In 1816 American missionaries founded the American Ceylon Mission in Jaffna. The ACM established missions in other parts of the Jaffna Peninsula including one in Vaddukoddai. The ACM established numerous schools on the peninsula, the first school being the Common Free School (Union College) in Tellippalai. In 1823 the Batticotta Seminary was established in Vaddukoddai to educate the brightest boys on the peninsula. The seminary was intended to convert the boys to Christianity, but most boys retained their Hindu faith. As a consequence, the seminary was closed around 1855.

Alumni of the Batticotta Seminary and other local Christians led a campaign to re-open the seminary and in 1871 Jaffna College was opened on the former seminary site.

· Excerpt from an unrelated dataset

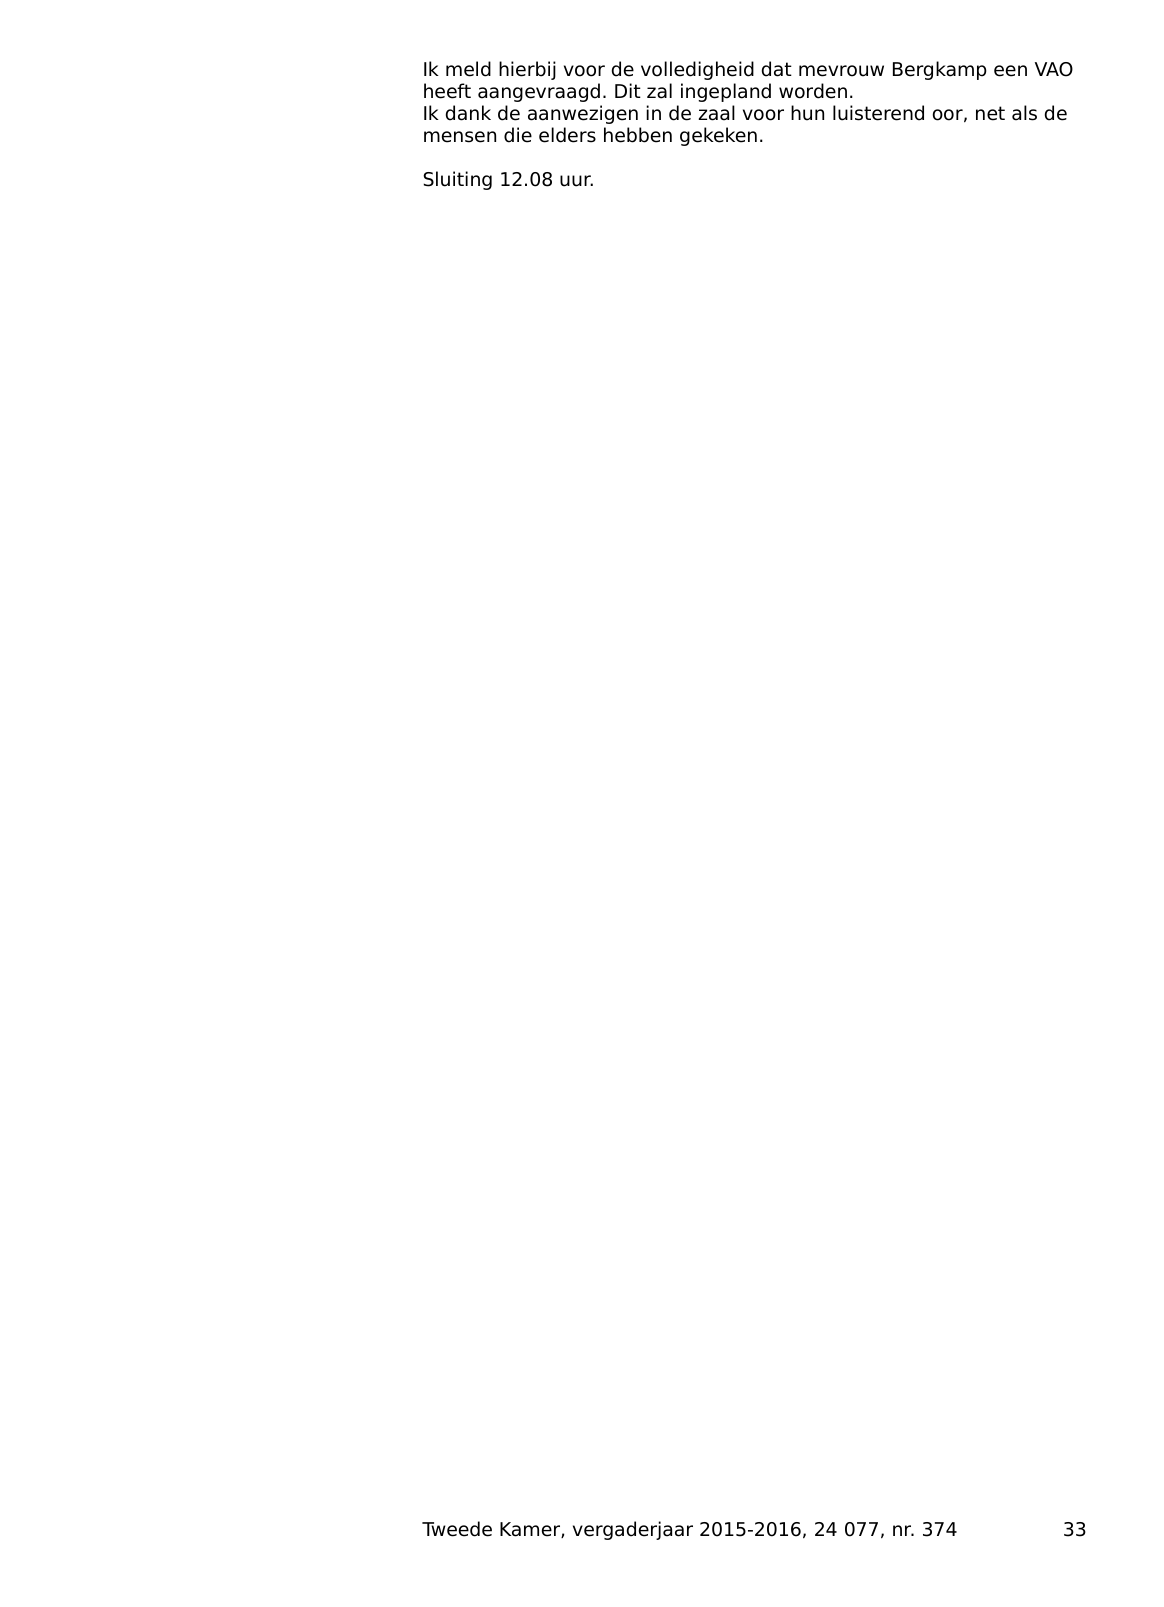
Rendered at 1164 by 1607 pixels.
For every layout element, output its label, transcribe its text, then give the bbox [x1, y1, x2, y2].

text Ik meld hierbij voor de volledigheid dat mevrouw Bergkamp een VAO heeft aangevraagd. Dit zal ingepland worden. [422, 59, 1087, 103]
text Sluiting 12.08 uur. [422, 169, 1087, 191]
text Ik dank de aanwezigen in de zaal voor hun luisterend oor, net als de mensen die elders hebben gekeken. [422, 103, 1087, 147]

==Evelyn Rutnam Institute for Inter-Cultural Studies==
The Evelyn Rutnam Institute for Inter-Cultural Studies is located in Jaffna and established in the memory of Evelyn Wijeyaratne Rutnam, the late wife of late Dr. James T. Rutnam. Dr. Rutnam had a huge collection of books and research articles by his contacts and collection from university dons. researchers, leading legal figures and businessmen. Learned personnel always visited him there for consultation and made use of his library. Later on Dr. Rutnam has given his collection of books to Jaffna College in Vaddukoddai and established a building in Jaffna to store books for research purposes. It was named the Evelyn Rutnam Institute and remains under the American Missionaries as a testimony to James Rutnam's love of research and learning, and encouragement to young students.

=== Cricket ===
Jaffna College play St. Patrick's College, Jaffna in an annual cricket match known as the Battle of the Golds. The first match took place in 1917.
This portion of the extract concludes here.